Saturday and Sunday
December 3, 2010


Does everyone know what a sabbatical is? I had heard the word but wasn't very familiar with it until recently. I read a newspaper article about a trend among young professionals taking them. From what I gathered (meaning: Wikipedia) a sabbatical is any extended absence in a person's career in order to achieve further understanding. Sounds pretty simple, right? It's a chance to take a break from your professional life to learn or develop a part of yourself in a different scene or capacity. It's a fact-finding mission, and basically the opposite of a vacation. A vacation is a break from your daily routine to rest and relax; a sabbatical is a break from work to work on something else. After reading about sabbaticals, I wanted one. I didn't deserve one, and to be honest my whole professional life has been a series of little sabbaticals.

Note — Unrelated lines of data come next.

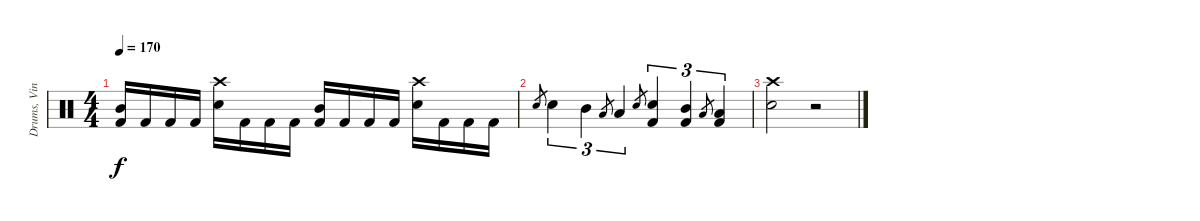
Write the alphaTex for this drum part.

\track ("Drums, Vinnie" "Drums, Vin") {instrument percussion}
\staff {score}
\articulation defaults
\ts (4 4)
\tempo 170
\clef neutral
\ks c
("Mid Tom (hit)" "Kick (hit) 2").16{dy f} "Kick (hit) 2".16 "Kick (hit) 2".16 "Kick (hit) 2".16 ("Crash high (hit)" "Electric Snare (hit)").16 "Kick (hit) 2".16 "Kick (hit) 2".16 "Kick (hit) 2".16 ("Mid Tom (hit)" "Kick (hit) 2").16 "Kick (hit) 2".16 "Kick (hit) 2".16 "Kick (hit) 2".16 ("Crash high (hit)" "Electric Snare (hit)").16 "Kick (hit) 2".16 "Kick (hit) 2".16 "Kick (hit) 2".16 |
"Electric Snare (hit)".8{gr} "Electric Snare (hit)".4{tu (3 2)} "Mid Tom (hit)".4{tu (3 2)} "Low Tom (hit)".8{gr} "Low Tom (hit)".4{tu (3 2)} "Electric Snare (hit)".8{gr} ("Electric Snare (hit)" "Kick (hit) 2").4{tu (3 2)} ("Mid Tom (hit)" "Kick (hit) 2").4{tu (3 2)} "Low Tom (hit)".8{gr} ("Low Tom (hit)" "Kick (hit) 2").4{tu (3 2)} |
("Crash high (hit)" "Electric Snare (hit)").2 r.2
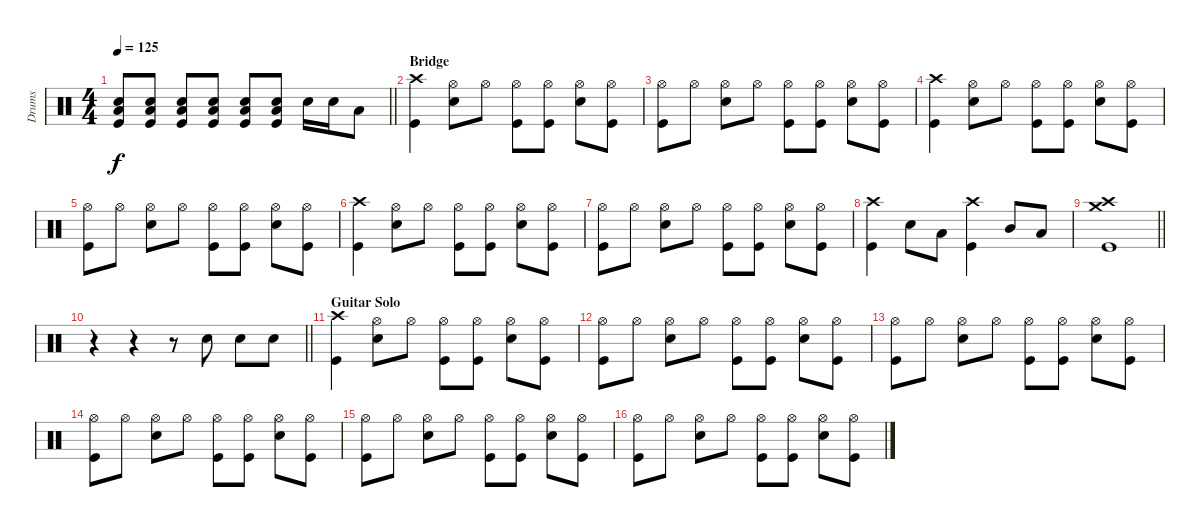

In the modern sense, a person takes sabbatical typically to fulfill a very specific goal, like writing a book or traveling for research (I got all of this from Wikipedia, too) but the word sabbatical comes from the Biblical Sabbath, which is the origin of the present-day practice of "the weekend", Saturday and Sunday (regardless of whether you believe it or not, I think we're all familiar with the concept of a higher power creating the world and then taking a break after a few days). Since college, I've never really worked a job for more than a few months. I always get nervous that this will look like job hopping when I send someone a resume, but lucky for me contract work is more and more common, especially in this economy. One of the only negative side-effects of going to a good liberal arts college was my exposure to a lot of great subjects, from film to journalism to anthropology and so on. This made me want to try a lot of jobs, and when I fell into the habit of being "freelance" I was given the chance to do just that; to try a lot of great subjects. Every time I finished a job I was left with the knowledge that there's even more out there I haven't done. When I did some further research on people my age taking sabbaticals (again, I knew I wasn't actually going to take one, but I needed something to do the Wednesday before Thanksgiving because, like most people, I didn't get much actual work done that day), and that's when I learned the word came from the idea of the weekend, and the weekend is basically a sabbatical from the week. It's a chance to stop working and do something else, not necessarily relax but catch up on other aspects of your life, which seemed so obvious I was bummed I didn't realize it before.

Like anything else in life, a sabbatical can be broken down to simpler terms. It doesn't need to mean working in an office for seven years and then traveling to Europe for six months of study. It can mean working in an office for six days and then traveling to Minneapolis to go to a museum. Or a library in Kansas City. Or a bar in the suburbs. The point is to have a point. To have a goal. To not just randomly wander but to come up with a plan that will leave you better educated at the end. You don't need a degree at the end of a journey or scars on your hands, you just need to achieve enough to motivate getting out of bed tomorrow. You need to change it up enough that it doesn't get stale. You need to move on just far enough that you don't forget to come back.